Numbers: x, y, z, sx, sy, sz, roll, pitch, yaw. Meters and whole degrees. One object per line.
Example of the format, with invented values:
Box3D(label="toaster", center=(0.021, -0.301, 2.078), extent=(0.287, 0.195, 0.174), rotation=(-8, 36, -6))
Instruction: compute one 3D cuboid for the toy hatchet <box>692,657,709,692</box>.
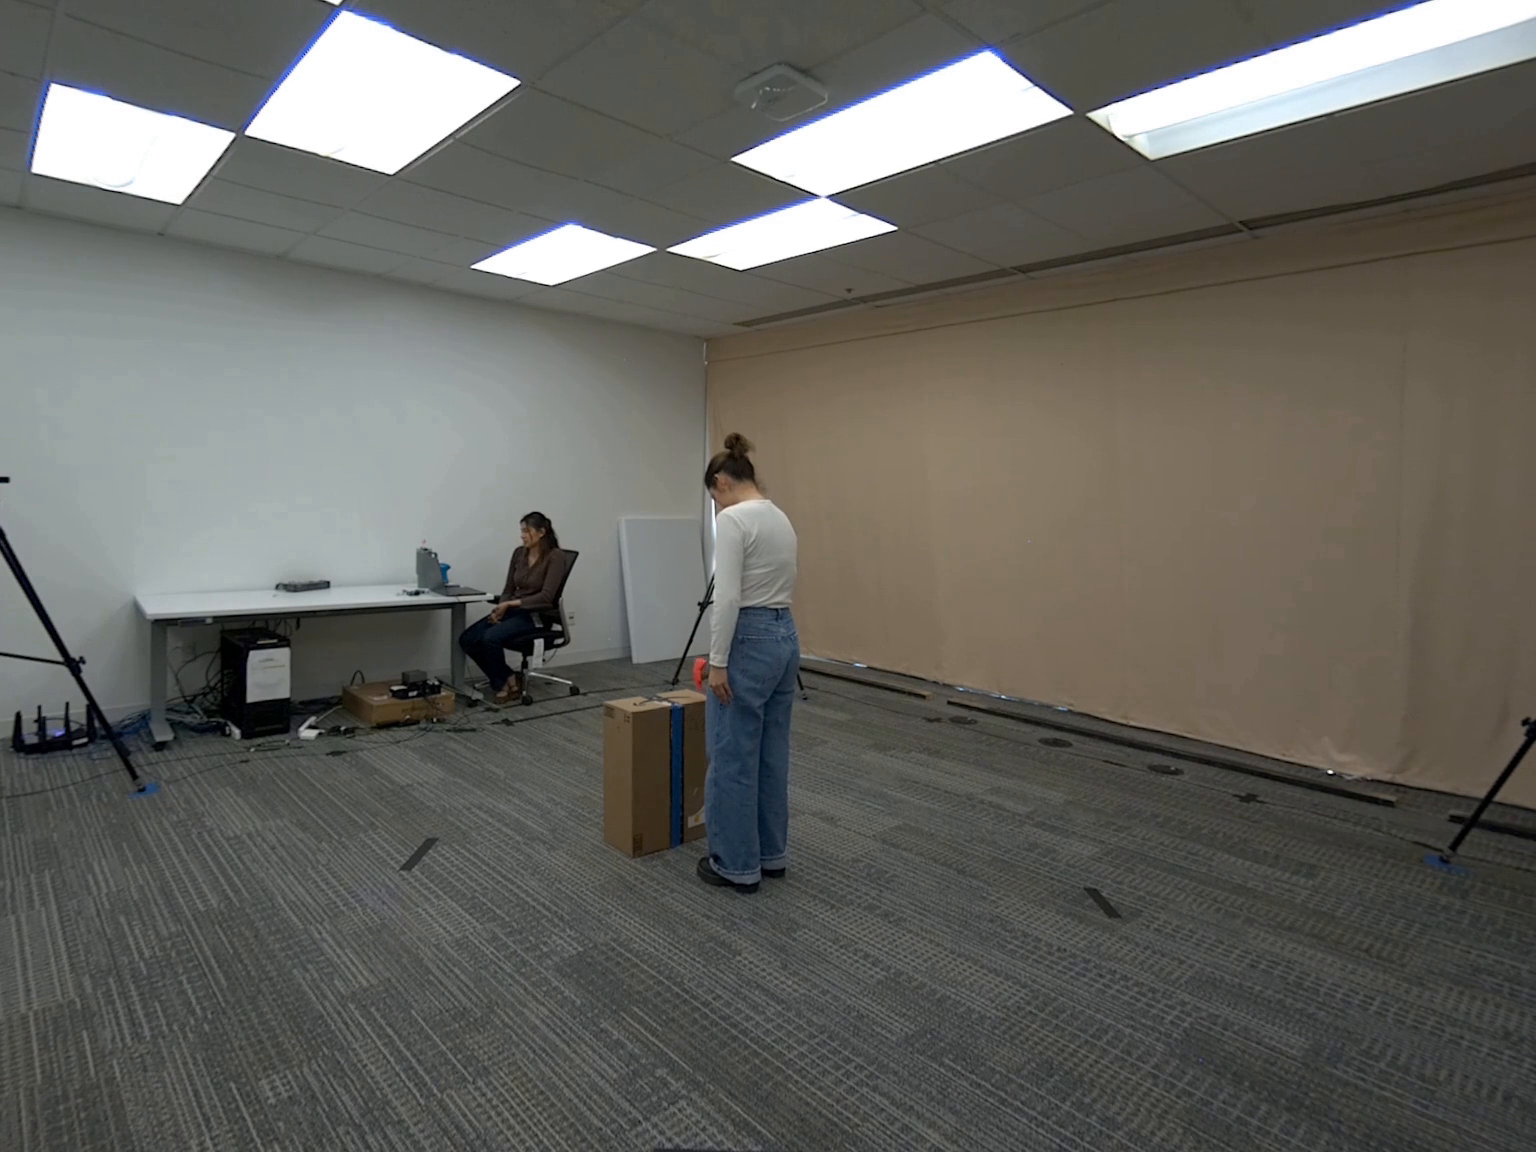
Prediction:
Box3D(label="toy hatchet", center=(-0.229, 0.362, 3.409), extent=(0.029, 0.134, 0.271), rotation=(8, -35, -47))
══════════════════════════════
■ **YOUR ASSIGNMENT**: Could you give all of the data again exactly as written, omitting any pictures?

■ **RESPONSE AREA**:
Numbers: x, y, z, sx, sy, sz, roll, pitch, yaw. Meters and whole degrees. One object per line.
Example of the format, with invented values:
Box3D(label="toaster", center=(0.021, -0.301, 2.078), extent=(0.287, 0.195, 0.174), rotation=(-8, 36, -6))
Instruction: compute one 3D cuboid for the toy hatchet <box>692,657,709,692</box>.
Prediction:
Box3D(label="toy hatchet", center=(-0.229, 0.362, 3.409), extent=(0.029, 0.134, 0.271), rotation=(8, -35, -47))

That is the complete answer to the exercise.